Doctors get paid exclusively for office visits. So, they keep happening, because money. But what would happen if the primary means of communicating with your doctor and care team was online and a message could be sent at any time of any day and you could expect a response within 12 minutes? Or, if needed, you could pick up the phone or jump on a video chat when you had an urgent issue or something needed to be hammered out with a good old-fashioned conversation. Ultimately, what if office visits were only used as a tool of last resort?
Seventy percent of PCP and urgent care visits would be unnecessary. And 80% of visits would be unnecessary if your online PCP could loop in specialists into the conversation.
Here’s what this world would look like:
No “I just spent 2 weeks waiting for this appointment, 1 hour in the waiting room, and $150 just to get referred to someone else?”
No “I’m sick and I have to shlep to the doctor’s office instead of just staying in bed?”
No “I just got a bill with 12 line items for $1,200 and I was only there for 12 minutes.”
No “I need to go to the epicenter of sickness and wait amongst other sick people in a germy waiting room?”
No “what do you mean you can’t stitch me up here in urgent care and I now have to go to the ER and I now owe you how much for telling me this?”
No “this rash just got worse…why can’t I just send my doctor a photo and ask if this is normal or not?”
No “is this a thing and is it important enough to spend time and money on doing anything about it anytime soon?”
No “Google says my headache is a tumor…I’m scared out of my mind and my appointment is a week away.”
No “everytime I visit my PCP, I see some other doctor or maybe even a nurse practitioner.”
No “Blah! I totally forgot to ask her that one question and that was the main reason I made the appointment!”

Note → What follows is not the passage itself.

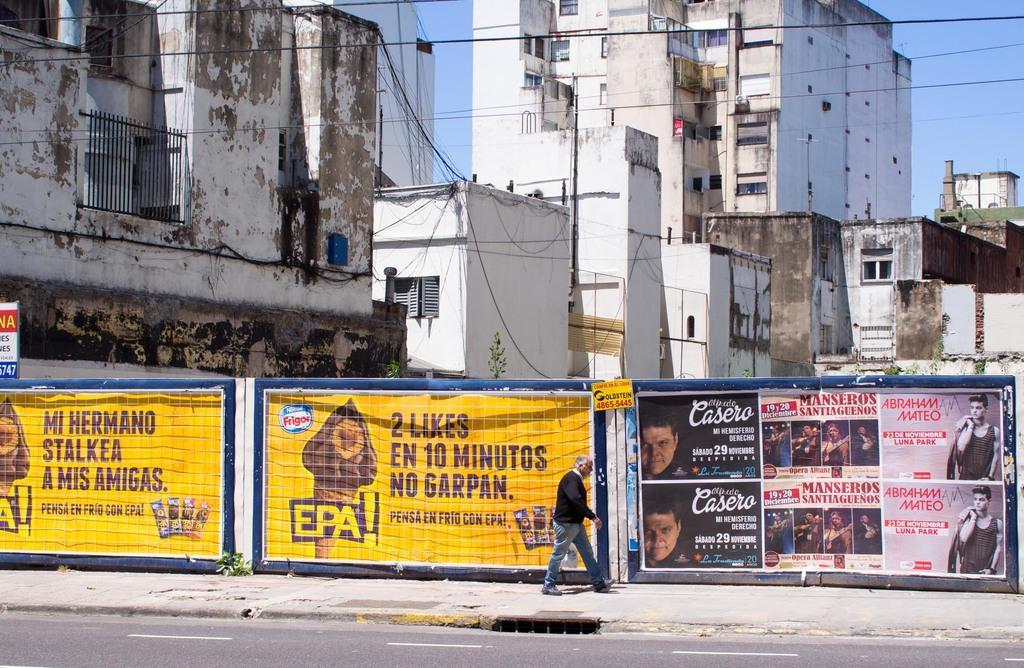Can you describe this image briefly? In the picture we can see a man walking along the footpath, there are some posters which are attached to the wall and in the background of the picture there are some buildings, wires and top of the picture there is clear sky.

No “they only spent 7 minutes with me.”
No “the doctor barely even looked at me…they were looking at their computer the whole time.”
No “that doctor interrupted me every 5 seconds and I couldn’t even explain how I was actually feeling.”
No “it’s super embarrassing having to look someone in the eyes and explain what’s happening down there.”
No “Blah! I was so nerve-wracked and just trying to process things that I totally forgot almost everything the doctor said.”
No “it’s cold and why am I naked under this gown and she didn’t even examine me?”
No “I spent 2 hours traveling back and forth to the office. I can think of plenty of other better things to do than sit in traffic.”
No “If I’m not working, I’m not getting paid and you want me to take an afternoon of work just to go to the doctor?”
No “Gee, that’s a fancy old-school clipboard, Doc. Got any Sports Illustrated from last year too?”
No “This is the third time I’ve been asked by three different people if I have a fever.”
A primarily online relationship with your doctor is a fundamentally new shift in how healthcare works. It’s the future because it’s far more effective at solving problems— it’s far more cost-effective, and it enables deeper, more trusting relationships with your doctors and care team. Because accessibility and close, effective communication, especially in times of need, is the foundation of all relationships.